• WORK INSTRUCTIONS:
Copy out each line from the material where the word "Drums" is found.

»»

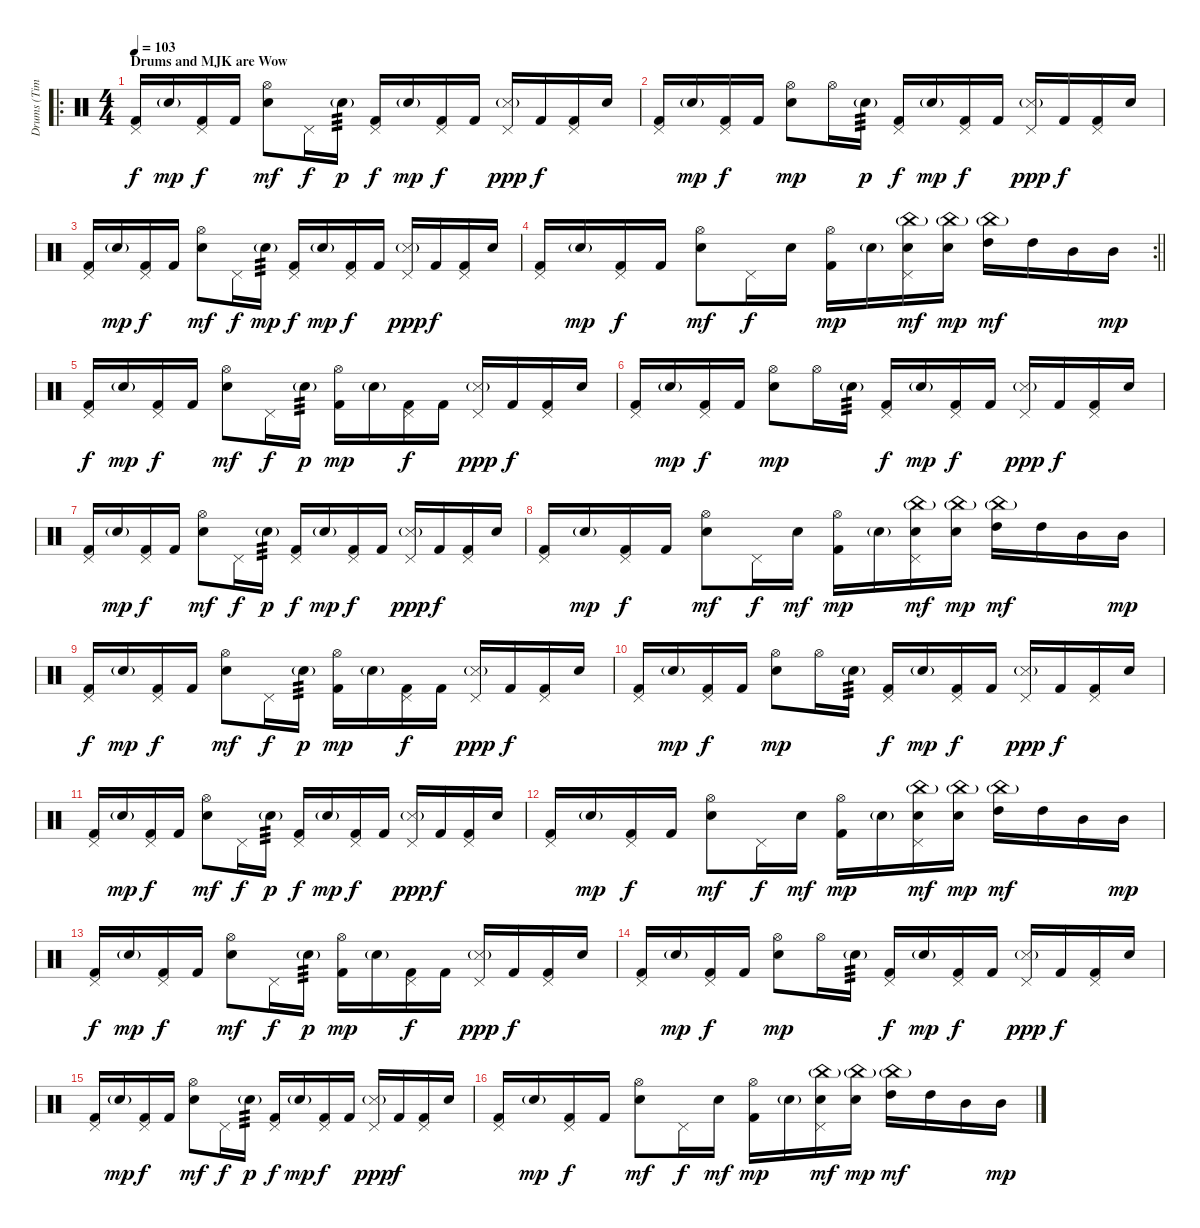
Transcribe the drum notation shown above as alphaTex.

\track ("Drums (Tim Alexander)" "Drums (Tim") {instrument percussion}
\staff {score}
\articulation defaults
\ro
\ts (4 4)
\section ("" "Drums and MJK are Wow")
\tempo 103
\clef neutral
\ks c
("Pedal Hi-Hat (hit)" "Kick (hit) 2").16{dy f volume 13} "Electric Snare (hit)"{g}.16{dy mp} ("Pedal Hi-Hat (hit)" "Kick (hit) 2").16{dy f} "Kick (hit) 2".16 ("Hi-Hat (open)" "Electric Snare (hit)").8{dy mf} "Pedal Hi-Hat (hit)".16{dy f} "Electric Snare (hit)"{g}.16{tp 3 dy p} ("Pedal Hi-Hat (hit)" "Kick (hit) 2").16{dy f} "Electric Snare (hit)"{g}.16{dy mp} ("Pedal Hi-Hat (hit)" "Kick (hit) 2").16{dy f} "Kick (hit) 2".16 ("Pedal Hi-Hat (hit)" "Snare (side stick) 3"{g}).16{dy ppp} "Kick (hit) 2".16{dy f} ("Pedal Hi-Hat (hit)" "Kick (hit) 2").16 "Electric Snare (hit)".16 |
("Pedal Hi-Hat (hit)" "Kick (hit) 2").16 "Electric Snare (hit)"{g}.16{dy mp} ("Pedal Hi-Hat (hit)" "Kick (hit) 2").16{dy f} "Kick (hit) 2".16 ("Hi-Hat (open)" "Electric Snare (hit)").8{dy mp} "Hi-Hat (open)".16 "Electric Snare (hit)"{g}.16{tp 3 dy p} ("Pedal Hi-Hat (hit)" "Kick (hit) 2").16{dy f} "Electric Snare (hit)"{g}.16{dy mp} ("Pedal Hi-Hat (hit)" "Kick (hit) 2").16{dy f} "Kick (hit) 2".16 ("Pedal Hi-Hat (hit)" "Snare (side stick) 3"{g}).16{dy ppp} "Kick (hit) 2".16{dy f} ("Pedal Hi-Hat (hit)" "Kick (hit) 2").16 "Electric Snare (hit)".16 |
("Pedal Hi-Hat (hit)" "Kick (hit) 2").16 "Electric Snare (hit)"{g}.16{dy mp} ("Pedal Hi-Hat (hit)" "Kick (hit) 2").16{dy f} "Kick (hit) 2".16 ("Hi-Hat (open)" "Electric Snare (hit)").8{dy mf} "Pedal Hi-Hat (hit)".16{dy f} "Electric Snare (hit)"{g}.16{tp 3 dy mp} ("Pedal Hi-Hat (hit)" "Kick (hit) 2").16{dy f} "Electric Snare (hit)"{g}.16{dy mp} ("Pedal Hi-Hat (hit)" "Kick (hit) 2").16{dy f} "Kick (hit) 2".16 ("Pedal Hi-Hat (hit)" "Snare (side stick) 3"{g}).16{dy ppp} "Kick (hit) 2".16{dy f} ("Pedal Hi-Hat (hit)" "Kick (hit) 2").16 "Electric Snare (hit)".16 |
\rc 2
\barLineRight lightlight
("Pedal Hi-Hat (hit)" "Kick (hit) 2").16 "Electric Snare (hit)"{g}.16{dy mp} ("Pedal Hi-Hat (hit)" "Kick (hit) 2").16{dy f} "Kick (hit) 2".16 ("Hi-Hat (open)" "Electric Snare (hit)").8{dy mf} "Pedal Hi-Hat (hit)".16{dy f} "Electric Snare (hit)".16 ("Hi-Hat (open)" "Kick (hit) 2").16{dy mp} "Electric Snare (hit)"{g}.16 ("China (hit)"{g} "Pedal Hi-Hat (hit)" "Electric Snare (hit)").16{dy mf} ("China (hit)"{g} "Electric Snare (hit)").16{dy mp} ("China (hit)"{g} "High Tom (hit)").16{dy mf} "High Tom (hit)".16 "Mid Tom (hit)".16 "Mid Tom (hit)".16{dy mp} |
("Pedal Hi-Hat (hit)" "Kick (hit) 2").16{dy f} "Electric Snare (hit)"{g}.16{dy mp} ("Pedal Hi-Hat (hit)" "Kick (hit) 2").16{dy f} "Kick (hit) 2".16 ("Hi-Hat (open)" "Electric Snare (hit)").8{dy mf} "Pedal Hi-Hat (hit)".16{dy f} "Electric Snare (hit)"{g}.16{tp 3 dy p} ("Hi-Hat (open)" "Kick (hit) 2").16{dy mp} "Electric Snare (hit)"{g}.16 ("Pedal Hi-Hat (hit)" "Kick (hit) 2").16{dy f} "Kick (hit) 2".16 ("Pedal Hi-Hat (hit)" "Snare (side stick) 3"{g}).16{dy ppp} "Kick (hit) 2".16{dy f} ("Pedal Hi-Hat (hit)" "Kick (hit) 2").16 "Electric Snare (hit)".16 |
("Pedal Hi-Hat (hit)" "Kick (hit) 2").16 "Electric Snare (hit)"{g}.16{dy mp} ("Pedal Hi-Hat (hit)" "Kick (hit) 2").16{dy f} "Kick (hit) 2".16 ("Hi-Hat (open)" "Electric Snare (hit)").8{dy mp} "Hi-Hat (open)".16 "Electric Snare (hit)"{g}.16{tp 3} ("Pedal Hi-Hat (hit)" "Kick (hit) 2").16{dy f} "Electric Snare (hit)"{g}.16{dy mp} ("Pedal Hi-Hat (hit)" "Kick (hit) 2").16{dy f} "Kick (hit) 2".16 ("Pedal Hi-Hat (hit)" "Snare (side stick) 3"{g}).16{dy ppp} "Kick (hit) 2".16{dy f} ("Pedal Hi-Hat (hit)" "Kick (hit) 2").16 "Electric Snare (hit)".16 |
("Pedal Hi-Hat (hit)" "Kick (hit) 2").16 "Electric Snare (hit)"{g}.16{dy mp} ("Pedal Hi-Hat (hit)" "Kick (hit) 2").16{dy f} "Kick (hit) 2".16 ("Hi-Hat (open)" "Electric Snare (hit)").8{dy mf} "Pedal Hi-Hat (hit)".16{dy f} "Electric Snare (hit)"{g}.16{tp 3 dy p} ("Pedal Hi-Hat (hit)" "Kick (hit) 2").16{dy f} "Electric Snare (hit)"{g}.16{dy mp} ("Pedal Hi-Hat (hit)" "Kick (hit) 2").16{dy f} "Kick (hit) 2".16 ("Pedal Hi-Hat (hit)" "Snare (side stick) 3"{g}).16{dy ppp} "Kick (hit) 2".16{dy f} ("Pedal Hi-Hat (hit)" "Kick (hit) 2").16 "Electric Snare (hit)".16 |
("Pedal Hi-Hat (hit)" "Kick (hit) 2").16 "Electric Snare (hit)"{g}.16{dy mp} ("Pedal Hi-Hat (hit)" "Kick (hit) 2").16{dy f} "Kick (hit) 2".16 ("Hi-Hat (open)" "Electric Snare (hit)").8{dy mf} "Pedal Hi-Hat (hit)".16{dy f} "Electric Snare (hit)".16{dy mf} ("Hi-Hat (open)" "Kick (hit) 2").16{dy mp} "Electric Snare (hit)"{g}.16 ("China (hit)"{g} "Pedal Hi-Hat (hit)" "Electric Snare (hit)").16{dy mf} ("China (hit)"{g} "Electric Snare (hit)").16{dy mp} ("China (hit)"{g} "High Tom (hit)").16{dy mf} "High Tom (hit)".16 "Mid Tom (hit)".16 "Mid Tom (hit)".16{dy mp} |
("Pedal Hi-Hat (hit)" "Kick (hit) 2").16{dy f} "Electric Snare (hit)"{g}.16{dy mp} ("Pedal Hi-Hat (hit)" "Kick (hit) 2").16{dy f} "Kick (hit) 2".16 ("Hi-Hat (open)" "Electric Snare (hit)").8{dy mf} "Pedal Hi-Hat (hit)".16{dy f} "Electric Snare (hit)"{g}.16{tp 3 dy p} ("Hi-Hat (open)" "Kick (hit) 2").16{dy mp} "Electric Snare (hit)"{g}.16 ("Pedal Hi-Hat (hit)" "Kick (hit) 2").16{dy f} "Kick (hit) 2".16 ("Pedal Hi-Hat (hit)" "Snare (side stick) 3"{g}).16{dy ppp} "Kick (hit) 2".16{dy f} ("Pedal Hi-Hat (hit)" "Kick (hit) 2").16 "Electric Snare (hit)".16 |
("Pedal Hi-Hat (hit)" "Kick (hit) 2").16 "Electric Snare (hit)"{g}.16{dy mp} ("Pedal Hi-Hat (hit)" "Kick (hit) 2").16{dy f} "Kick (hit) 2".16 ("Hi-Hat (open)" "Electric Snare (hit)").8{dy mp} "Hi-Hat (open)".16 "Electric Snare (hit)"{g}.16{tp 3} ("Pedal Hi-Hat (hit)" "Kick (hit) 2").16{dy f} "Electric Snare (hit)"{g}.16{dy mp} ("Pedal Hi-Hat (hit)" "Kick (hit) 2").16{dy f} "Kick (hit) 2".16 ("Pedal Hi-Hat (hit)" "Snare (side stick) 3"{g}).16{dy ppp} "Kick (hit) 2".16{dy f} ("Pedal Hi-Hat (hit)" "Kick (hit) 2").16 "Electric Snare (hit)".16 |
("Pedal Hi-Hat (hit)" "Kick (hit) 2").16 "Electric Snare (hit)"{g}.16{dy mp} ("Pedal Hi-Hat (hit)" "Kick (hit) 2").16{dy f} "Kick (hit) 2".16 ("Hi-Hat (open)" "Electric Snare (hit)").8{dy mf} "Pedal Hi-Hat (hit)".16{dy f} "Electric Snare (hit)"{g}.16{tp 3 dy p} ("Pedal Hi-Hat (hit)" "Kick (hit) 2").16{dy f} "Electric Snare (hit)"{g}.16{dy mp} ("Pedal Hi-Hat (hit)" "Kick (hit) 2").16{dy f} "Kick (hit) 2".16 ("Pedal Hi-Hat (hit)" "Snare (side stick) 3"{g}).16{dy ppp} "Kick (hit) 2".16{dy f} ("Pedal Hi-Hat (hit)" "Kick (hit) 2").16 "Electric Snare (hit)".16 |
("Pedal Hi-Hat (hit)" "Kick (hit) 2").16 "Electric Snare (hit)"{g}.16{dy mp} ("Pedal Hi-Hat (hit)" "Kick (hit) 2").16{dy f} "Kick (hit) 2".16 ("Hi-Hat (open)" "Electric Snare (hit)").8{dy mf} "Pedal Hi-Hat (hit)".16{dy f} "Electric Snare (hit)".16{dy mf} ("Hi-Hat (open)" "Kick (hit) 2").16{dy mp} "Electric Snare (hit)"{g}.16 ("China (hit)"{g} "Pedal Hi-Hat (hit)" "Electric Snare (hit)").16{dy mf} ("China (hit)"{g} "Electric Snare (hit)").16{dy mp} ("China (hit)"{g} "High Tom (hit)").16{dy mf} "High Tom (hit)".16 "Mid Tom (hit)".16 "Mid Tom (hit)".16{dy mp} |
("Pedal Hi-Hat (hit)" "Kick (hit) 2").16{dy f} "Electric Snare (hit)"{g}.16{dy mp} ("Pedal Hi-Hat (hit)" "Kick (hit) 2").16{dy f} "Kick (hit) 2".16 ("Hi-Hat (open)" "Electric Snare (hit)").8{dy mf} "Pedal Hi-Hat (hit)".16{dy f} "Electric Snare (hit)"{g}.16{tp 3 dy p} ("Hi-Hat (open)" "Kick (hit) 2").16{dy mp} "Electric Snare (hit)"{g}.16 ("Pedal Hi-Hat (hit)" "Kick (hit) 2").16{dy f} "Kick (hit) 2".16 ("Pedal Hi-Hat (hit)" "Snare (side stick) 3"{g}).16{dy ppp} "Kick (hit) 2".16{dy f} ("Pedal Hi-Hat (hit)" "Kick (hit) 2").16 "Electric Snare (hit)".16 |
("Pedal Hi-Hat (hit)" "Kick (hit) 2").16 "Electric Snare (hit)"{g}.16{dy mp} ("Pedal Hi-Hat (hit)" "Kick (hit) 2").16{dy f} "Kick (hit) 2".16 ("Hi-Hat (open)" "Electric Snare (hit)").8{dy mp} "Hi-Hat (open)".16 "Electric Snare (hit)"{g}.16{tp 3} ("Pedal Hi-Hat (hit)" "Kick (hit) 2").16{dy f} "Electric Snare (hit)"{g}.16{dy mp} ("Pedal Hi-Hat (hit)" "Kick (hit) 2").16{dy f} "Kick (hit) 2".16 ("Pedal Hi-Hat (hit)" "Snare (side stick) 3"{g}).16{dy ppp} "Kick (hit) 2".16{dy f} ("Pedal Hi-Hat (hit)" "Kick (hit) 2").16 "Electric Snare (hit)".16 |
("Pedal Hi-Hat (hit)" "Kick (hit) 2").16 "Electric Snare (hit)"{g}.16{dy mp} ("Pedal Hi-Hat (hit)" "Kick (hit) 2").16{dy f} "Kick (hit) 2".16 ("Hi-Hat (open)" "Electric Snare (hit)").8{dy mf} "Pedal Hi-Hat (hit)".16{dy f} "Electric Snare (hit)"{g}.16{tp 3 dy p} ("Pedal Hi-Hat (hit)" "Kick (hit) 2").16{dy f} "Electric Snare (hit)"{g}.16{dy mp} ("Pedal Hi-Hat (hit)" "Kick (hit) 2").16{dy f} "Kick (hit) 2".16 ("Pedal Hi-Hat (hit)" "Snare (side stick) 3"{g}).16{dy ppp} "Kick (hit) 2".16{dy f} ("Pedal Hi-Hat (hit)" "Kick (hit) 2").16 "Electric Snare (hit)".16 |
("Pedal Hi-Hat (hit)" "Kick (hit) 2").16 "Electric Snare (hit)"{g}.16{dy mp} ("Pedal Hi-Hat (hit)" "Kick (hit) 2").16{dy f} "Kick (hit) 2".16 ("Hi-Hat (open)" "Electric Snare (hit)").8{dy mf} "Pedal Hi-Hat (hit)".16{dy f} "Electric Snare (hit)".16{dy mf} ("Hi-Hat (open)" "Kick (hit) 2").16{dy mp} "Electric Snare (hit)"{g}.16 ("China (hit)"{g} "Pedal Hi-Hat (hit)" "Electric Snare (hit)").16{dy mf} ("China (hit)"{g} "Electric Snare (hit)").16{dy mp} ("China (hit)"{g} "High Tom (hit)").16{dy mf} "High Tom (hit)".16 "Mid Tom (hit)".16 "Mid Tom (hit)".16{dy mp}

««

• TASK RESULT:
\track ("Drums (Tim Alexander)" "Drums (Tim") {instrument percussion}
\section ("" "Drums and MJK are Wow")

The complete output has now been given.